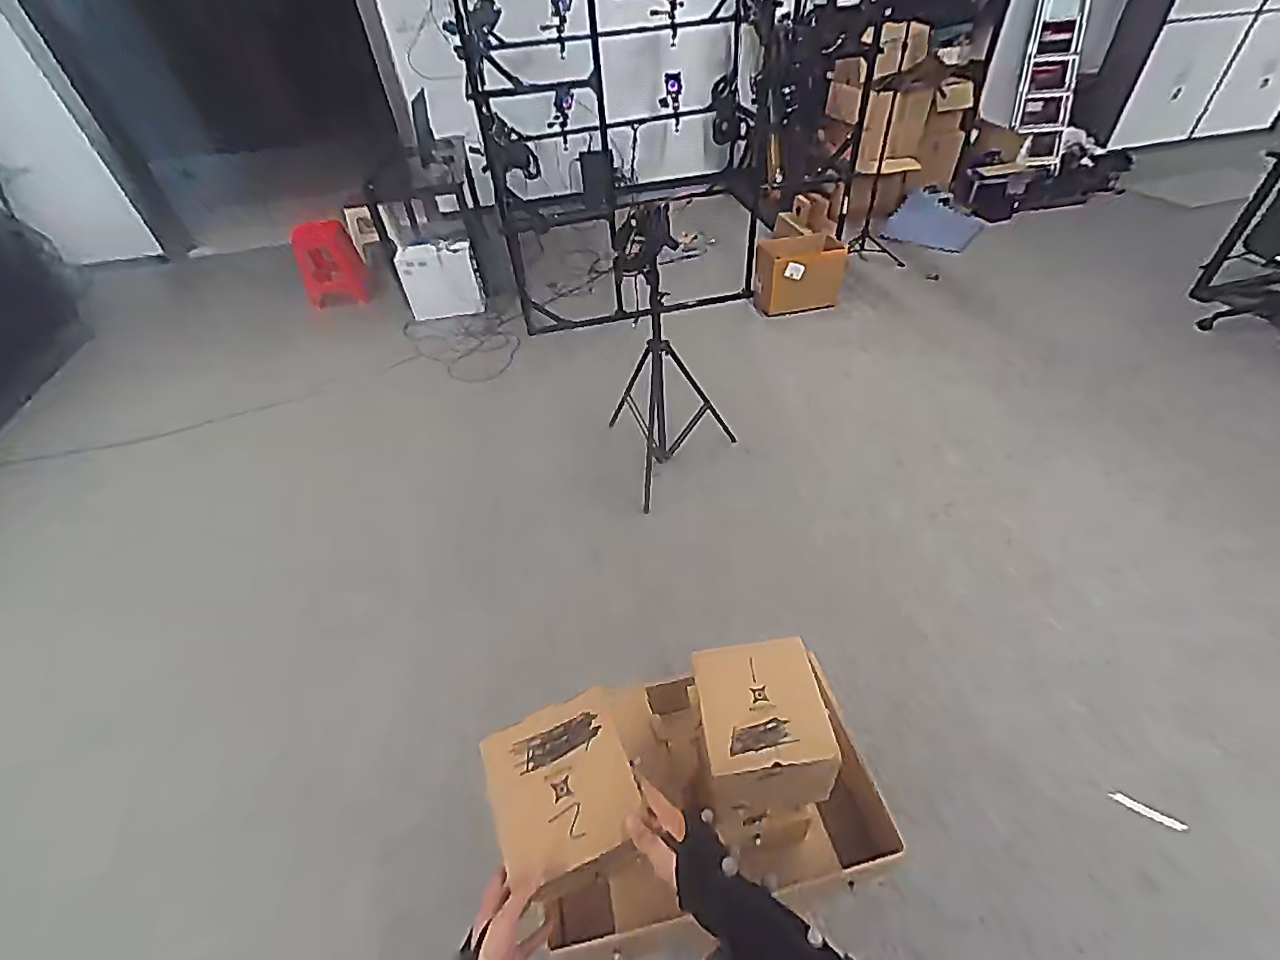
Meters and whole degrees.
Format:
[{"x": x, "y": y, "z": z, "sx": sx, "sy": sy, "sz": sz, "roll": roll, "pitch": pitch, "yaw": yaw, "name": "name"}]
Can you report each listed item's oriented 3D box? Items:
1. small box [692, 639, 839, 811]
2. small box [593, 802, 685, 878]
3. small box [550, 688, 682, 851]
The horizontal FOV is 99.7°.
[{"x": 0.174, "y": 0.361, "z": 0.787, "sx": 0.168, "sy": 0.176, "sz": 0.179, "roll": -9, "pitch": 43, "yaw": 1, "name": "small box"}, {"x": -0.022, "y": 0.611, "z": 1.026, "sx": 0.168, "sy": 0.176, "sz": 0.179, "roll": -17, "pitch": 45, "yaw": -12, "name": "small box"}, {"x": -0.039, "y": 0.490, "z": 0.917, "sx": 0.179, "sy": 0.176, "sz": 0.168, "roll": -18, "pitch": 45, "yaw": -12, "name": "small box"}]

▶ **Your goal**:
Output nothing but the lines from the one with "1. small box [692, 639, 839, 811]" through the last line above, each exactly as it stands.

▶ **Task response**:
1. small box [692, 639, 839, 811]
2. small box [593, 802, 685, 878]
3. small box [550, 688, 682, 851]
The horizontal FOV is 99.7°.
[{"x": 0.174, "y": 0.361, "z": 0.787, "sx": 0.168, "sy": 0.176, "sz": 0.179, "roll": -9, "pitch": 43, "yaw": 1, "name": "small box"}, {"x": -0.022, "y": 0.611, "z": 1.026, "sx": 0.168, "sy": 0.176, "sz": 0.179, "roll": -17, "pitch": 45, "yaw": -12, "name": "small box"}, {"x": -0.039, "y": 0.490, "z": 0.917, "sx": 0.179, "sy": 0.176, "sz": 0.168, "roll": -18, "pitch": 45, "yaw": -12, "name": "small box"}]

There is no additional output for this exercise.